To do:
Copy out exactly the lines from the one containing "Numbers: x, y, z, sx, sy, sz, roll, pitch, yaw." to the end of the records below, both included, and nothing else.

Extracted data entries:
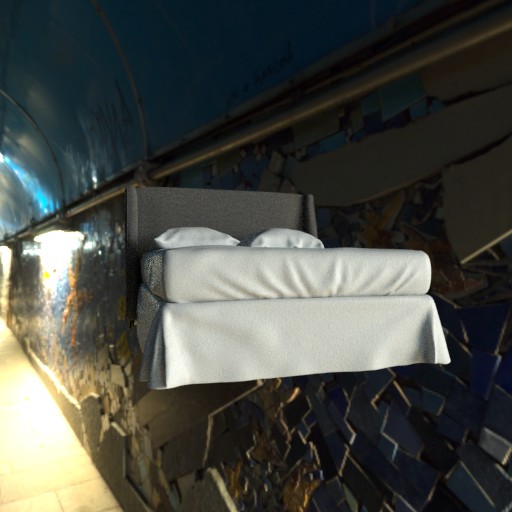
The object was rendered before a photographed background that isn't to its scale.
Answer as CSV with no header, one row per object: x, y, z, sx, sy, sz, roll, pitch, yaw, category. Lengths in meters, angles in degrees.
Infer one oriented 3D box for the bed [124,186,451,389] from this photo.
0.000,0.000,3.442,1.925,1.332,2.276,0,0,-18,bed
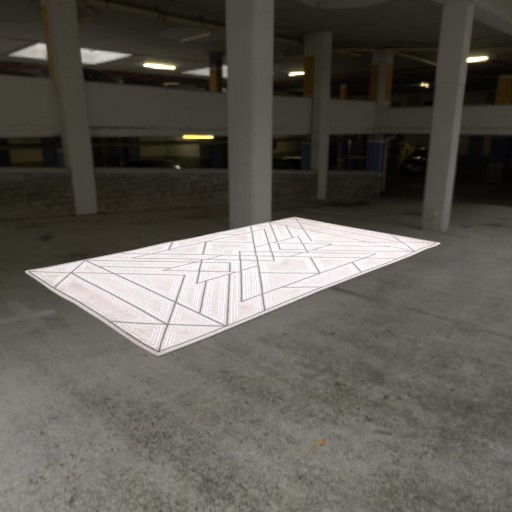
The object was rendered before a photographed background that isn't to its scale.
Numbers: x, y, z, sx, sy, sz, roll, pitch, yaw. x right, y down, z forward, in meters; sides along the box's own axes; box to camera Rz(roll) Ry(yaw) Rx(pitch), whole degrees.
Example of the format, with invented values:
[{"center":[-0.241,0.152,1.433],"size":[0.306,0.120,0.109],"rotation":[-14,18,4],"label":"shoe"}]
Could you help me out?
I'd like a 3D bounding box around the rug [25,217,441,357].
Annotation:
[{"center":[0.000,0.000,1.049],"size":[0.869,0.008,0.511],"rotation":[-15,22,-42],"label":"rug"}]

Result for this exercise:
Numbers: x, y, z, sx, sy, sz, roll, pitch, yaw. x right, y down, z forward, in meters; sides along the box's own axes; box to camera Rz(roll) Ry(yaw) Rx(pitch), whole degrees.
Example of the format, with invented values:
[{"center":[-0.241,0.152,1.433],"size":[0.306,0.120,0.109],"rotation":[-14,18,4],"label":"shoe"}]
Could you help me out?
I'd like a 3D bounding box around the rug [25,217,441,357].
Annotation:
[{"center":[0.000,0.000,1.049],"size":[0.869,0.008,0.511],"rotation":[-15,22,-42],"label":"rug"}]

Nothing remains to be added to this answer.